Saya akan menceritakan sebuah anekdot tentang seseorang yang sangat saya cintai dan yang tidak diragukan lagi menjadi tokoh utama dalam proses ini, ibu kecil saya di surga, Perawan Maria. Pada tahun 2012, dua tahun sebelum saya masuk seminari, saya menemukan sebuah artikel di koran yang berbicara tentang devosi kepada Maria, yang tidak saya ketahui pada saat itu, Bunda Maria di Pilar.

Saya membacanya dengan sangat antusias dan sejak hari itu saya menemukan buku-buku, ulasan, gambar, lukisan... pada beberapa kesempatan.
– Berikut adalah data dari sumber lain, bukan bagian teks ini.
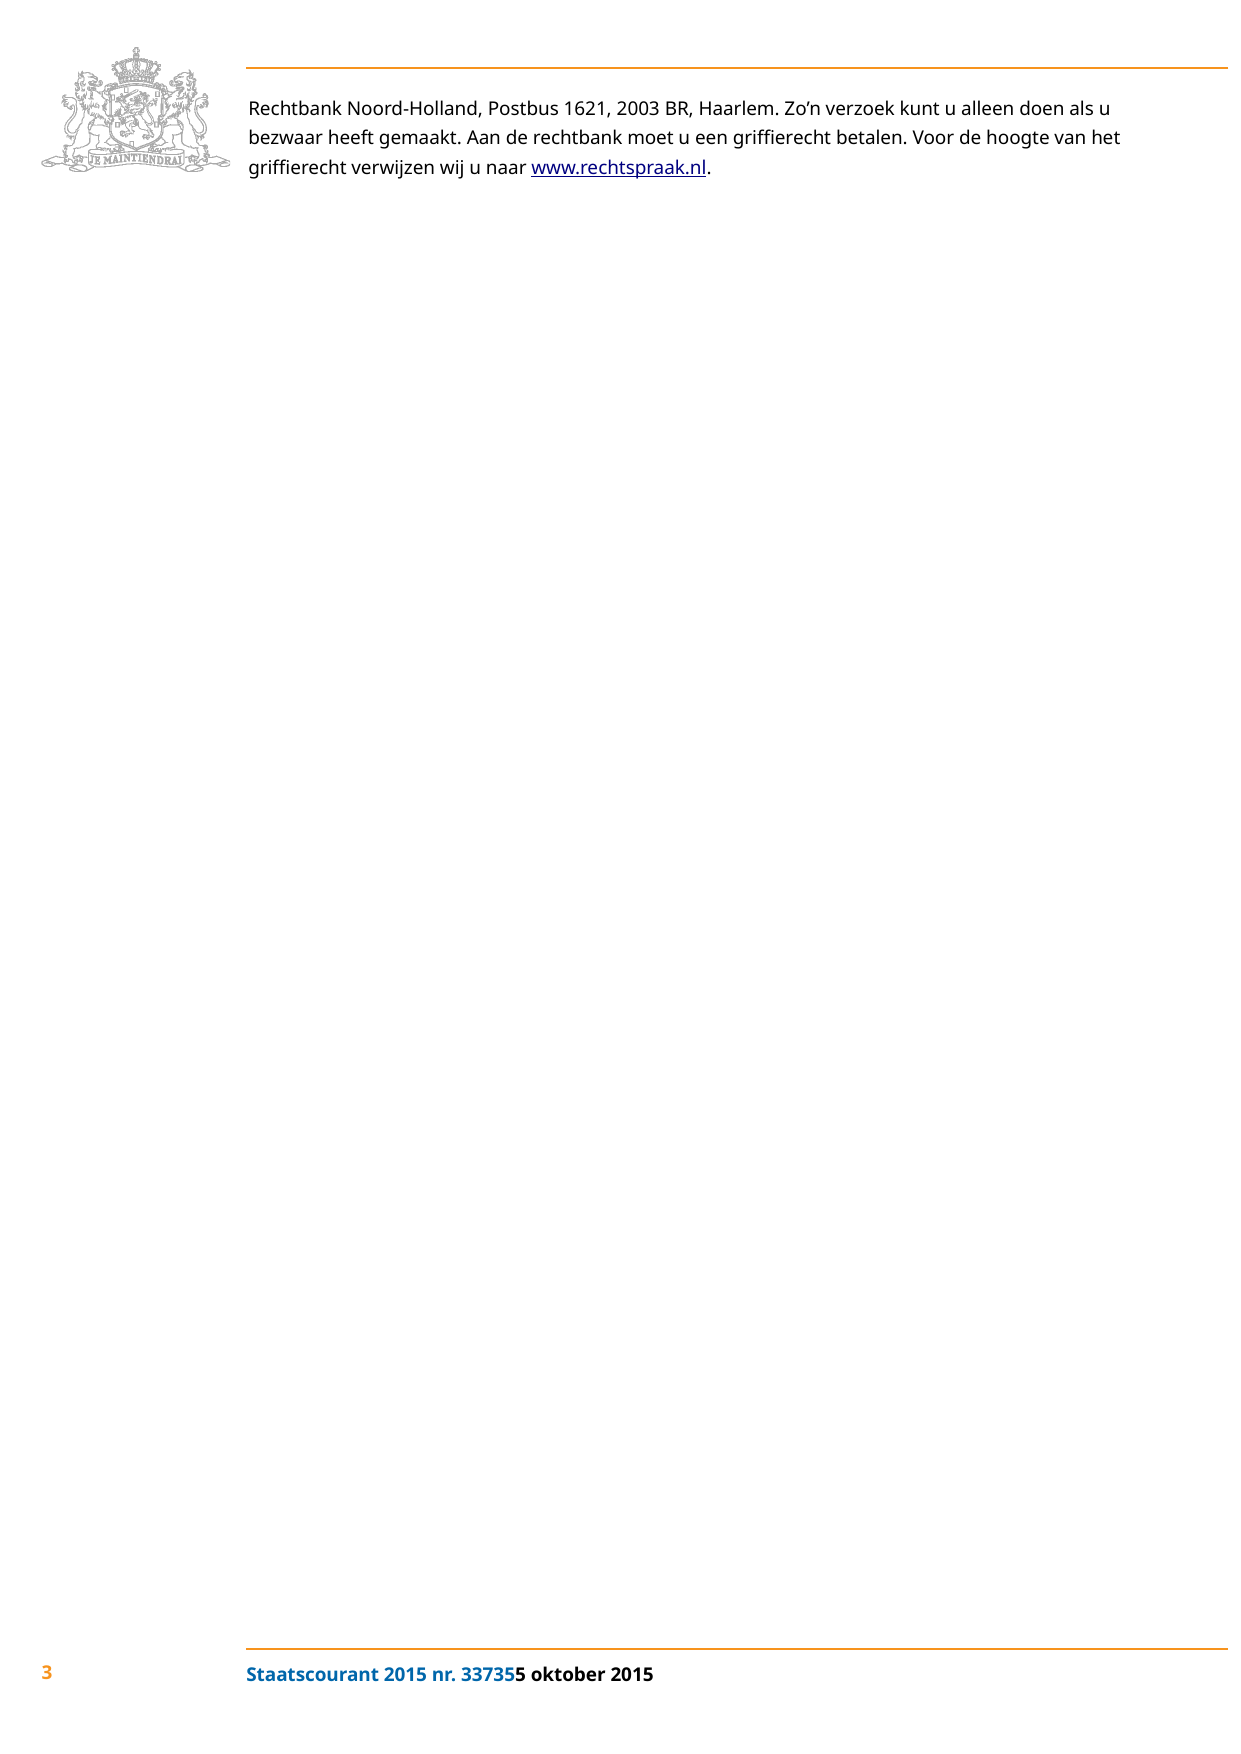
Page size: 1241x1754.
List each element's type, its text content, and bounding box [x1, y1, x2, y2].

text Rechtbank Noord-Holland, Postbus 1621, 2003 BR, Haarlem. Zo’n verzoek kunt u alleen doen als u bezwaar heeft gemaakt. Aan de rechtbank moet u een griffierecht betalen. Voor de hoogte van het griffierecht verwijzen wij u naar www.rechtspraak.nl. [248, 95, 1152, 180]
picture [41, 47, 231, 172]

Segala sesuatu tentang Perawan Maria di Pilar; Saya ingat bahwa saya sering mengulangi kepada teman-teman saya, sebagai lelucon, bahwa Perawan Maria di Pilar mengejar saya karena dia menampakkan diri di mana-mana.

Suatu hari seorang wanita datang ke tempat saya bekerja dan memberi saya sebuah pin Perawan Pilar yang ia beli di tempat suci Maria di Spanyol, saya berterima kasih kepadanya dan saya ingat mengatakan kepadanya bahwa pin ini adalah yang paling dekat yang bisa saya dapatkan di tempat yang diberkati itu dan ia menjawab bahwa jika Perawan mengikuti saya, ia akan memberi saya rahmat untuk suatu hari mengunjungi tempat di mana ia menampakkan diri kepada Rasul Santo Yakobus.

Tujuh tahun kemudian, perjumpaan yang dirindukan dengan Bunda Allah ini terjadi di tempat kudus-Nya berkat kunjungan Seminari Bidasoa. Di sana saya memahami bahwa berada di sini adalah rahmat yang telah Tuhan tempatkan di jalan saya, saya semakin yakin akan panggilan saya dan untuk mengungkapkannya saya suka menggunakan ungkapan Santo Theresia dari Lisieux, "Panggilan saya adalah Cinta".

Terima kasih telah menjadi bagian dari cerita saya.